Tabrakan Bus Mira Lawan Bus Pariwisata di Kertosono Nganjuk, Tiga Orang Tewas

by
Polisi saat mengevakuasi korban tewas yang berada di dalam Bus Mira.

NGANJUK, FaktaNusantara.com – Kecelakaan maut yang melibatkan bus terjadi di Jalan Raya Surabaya-Nganjuk, tepatnya di Dusun Klinter, Desa Pelem, Kecamatan Kertosono, Kabupaten Nganjuk, Jawa Timur, Sabtu (12/5/2018).

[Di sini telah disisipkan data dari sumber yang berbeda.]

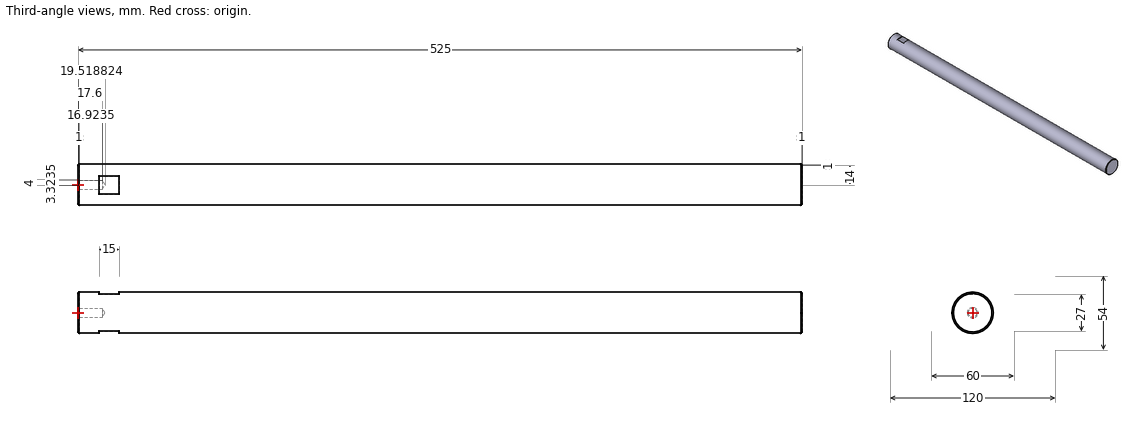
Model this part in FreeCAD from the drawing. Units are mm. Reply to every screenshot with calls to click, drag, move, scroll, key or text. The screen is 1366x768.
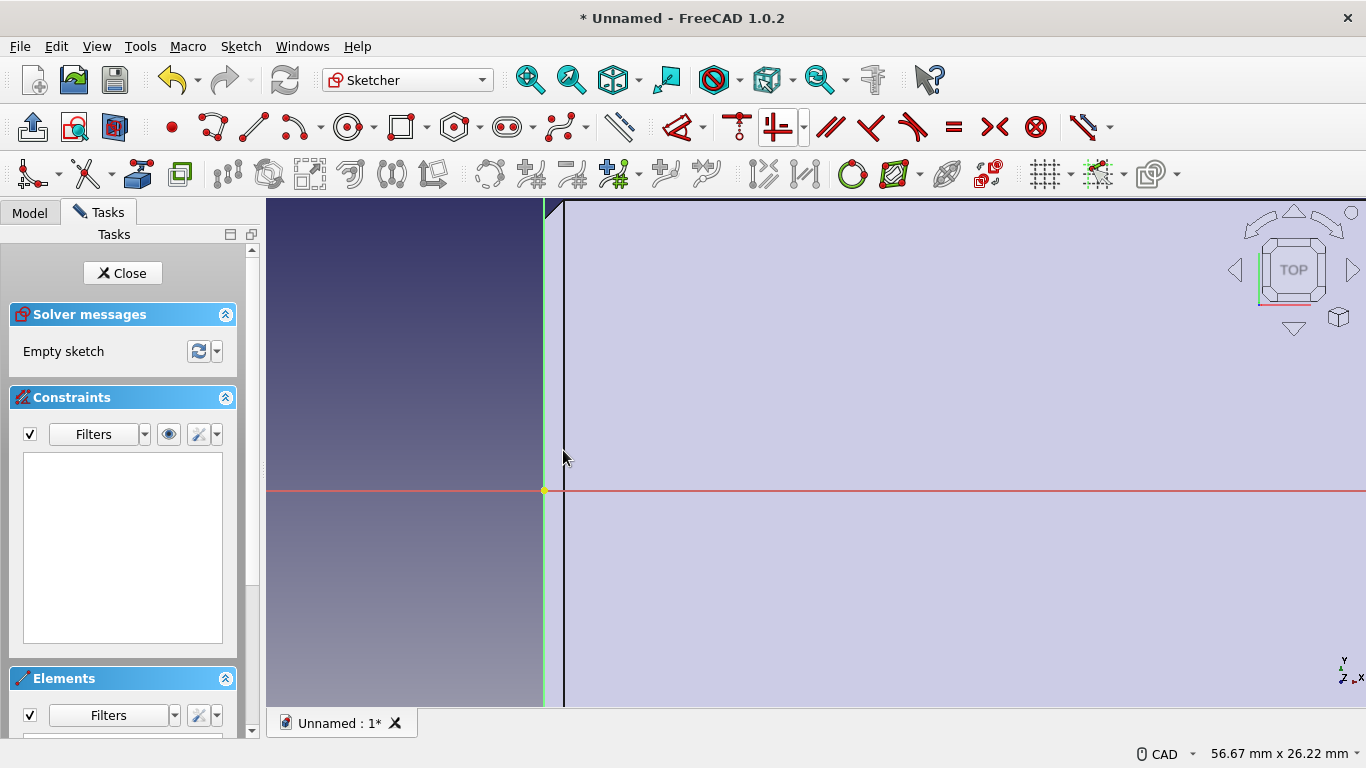
scroll(717, 451, up, 3)
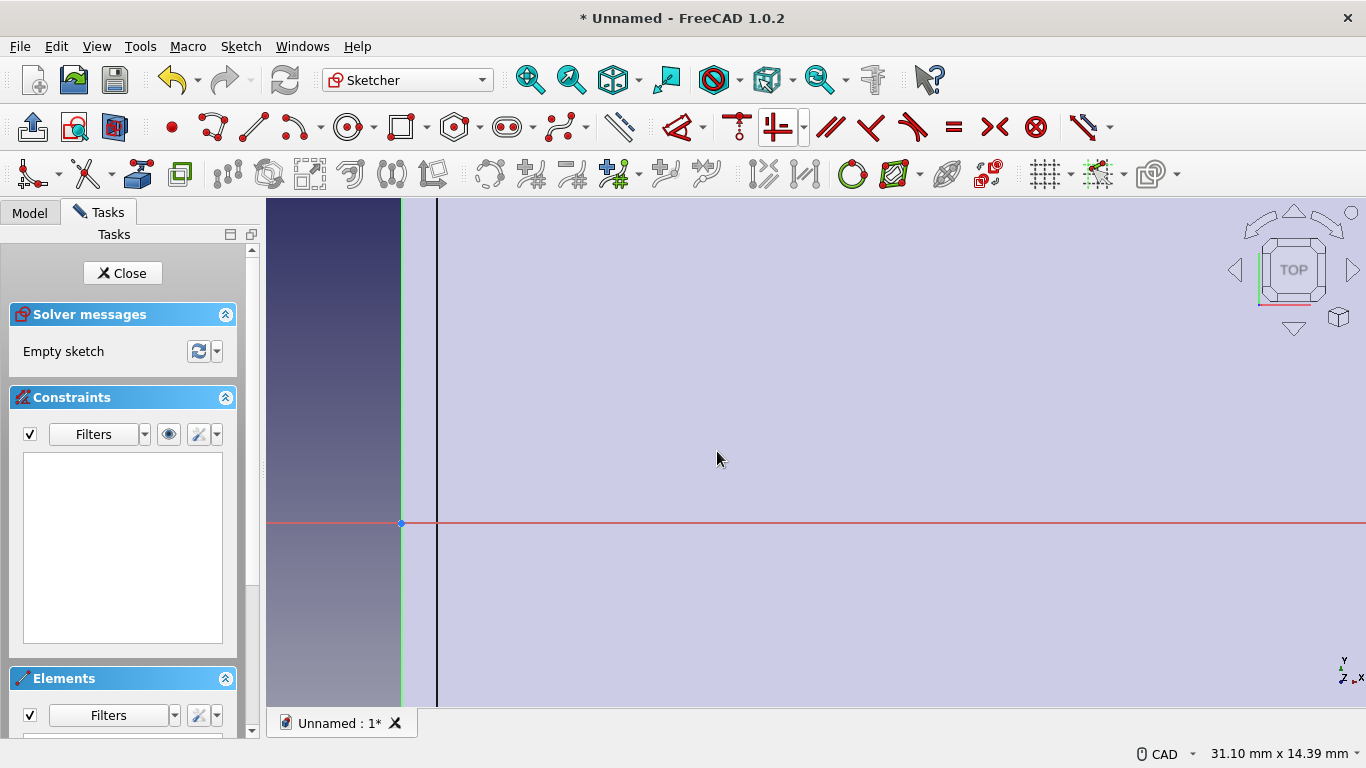
click(213, 128)
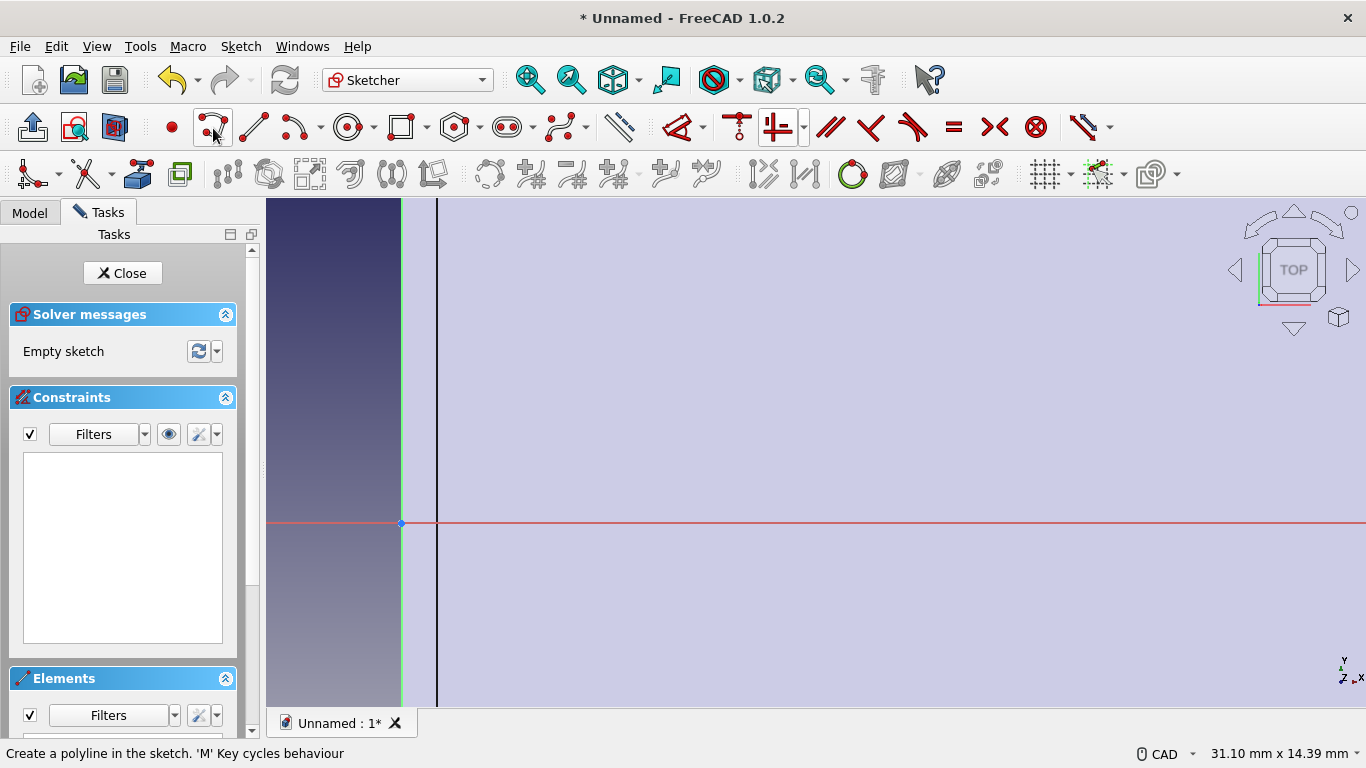
click(402, 523)
click(1092, 514)
click(1024, 405)
click(426, 405)
click(411, 382)
click(402, 523)
key(Escape)
key(Escape)
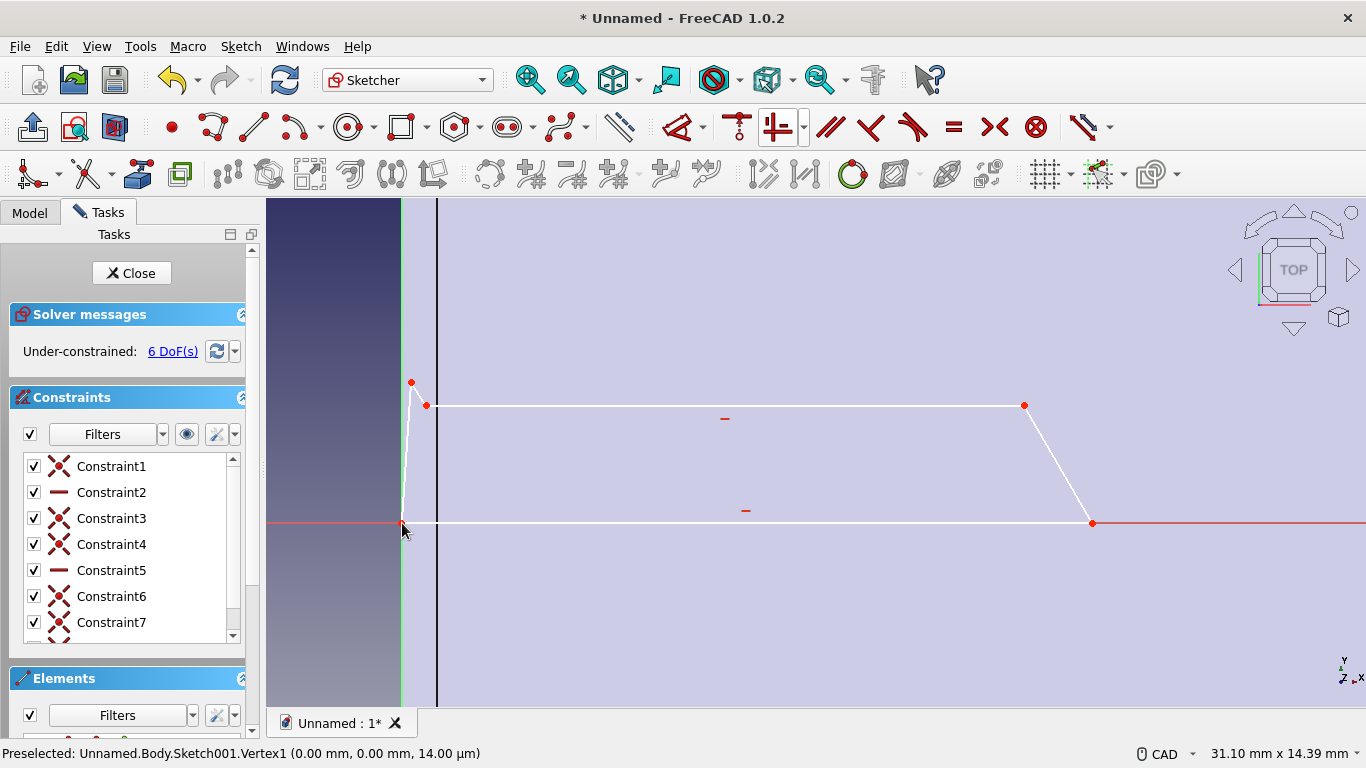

Akibat kecelakaan tersebut, tiga orang tewas. Informasi yang dihimpun, kecelakaan yang melibatkan bus pariwisata Agam Tungga Jaya bernopol AE 7262 UP dengan bus PO Mira bernopol S 7217 US itu terjadi sekitar pukul 05.00 WIB.

Kecelakaan tersebut bermula, saat bus Mira melaju dengan kecepatan tinggi dari arah Barat menuju Timur. Namun, setibanya di Tempat Kejadian Perkara (TKP) bus Mira sarat dengan penumpang itu hendak mendahului kendaraan di depannya.

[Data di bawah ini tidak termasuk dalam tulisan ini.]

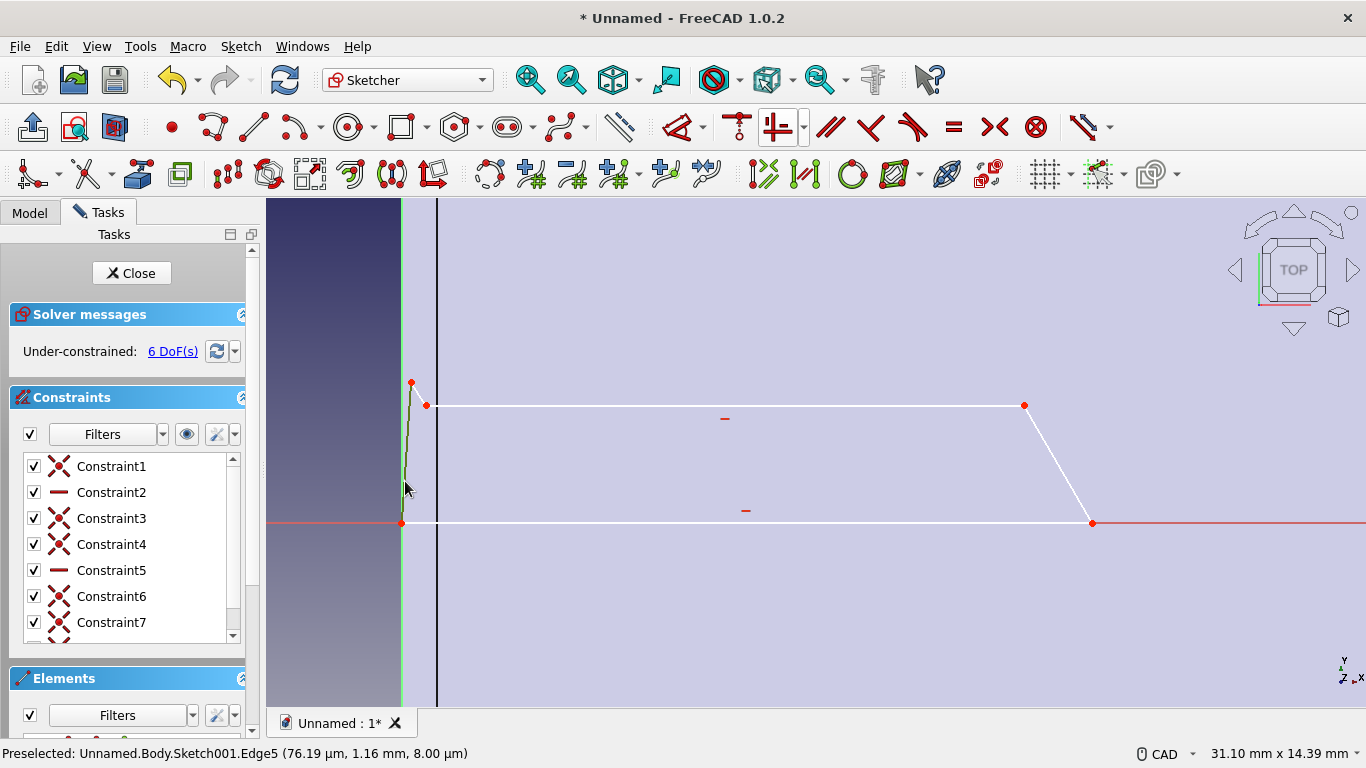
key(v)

“Bus ngambil jalur kanan, sepertinya mau mendahului kendaraan di depannya,” ujar Rohmadi, salah seorang warga di lokasi kejadian.

Nahas, di waktu bersamaan, muncul dari arah berlawanan bus pariwisata yang dikemudikan Yanuar Setiawan (27), asal Kaligentong RT 03 RW 05, Ampel, Kabupaten Boyolali, Jawa Tengah melaju dengan kecepatan sedang. Karena jarak yang terlalu dekat, tabrakan pun tak terhindarkan. Kerasnya benturan, membuat tiga orang penumpang tewas di lokasi.

“Sepertinya ada yang meninggal tadi, kalau tidak salah tiga orang,” imbuhnya.

Dari data yang dihimpun, tiga orang tewas diketahui merupakan penumpang bus Mira. Jenazah ketiganya langsung dievakuasi ke RSUD Kertosono Nganjuk, guna dilakukan visum. Sementara sang sopir bus langsung diamankan petugas.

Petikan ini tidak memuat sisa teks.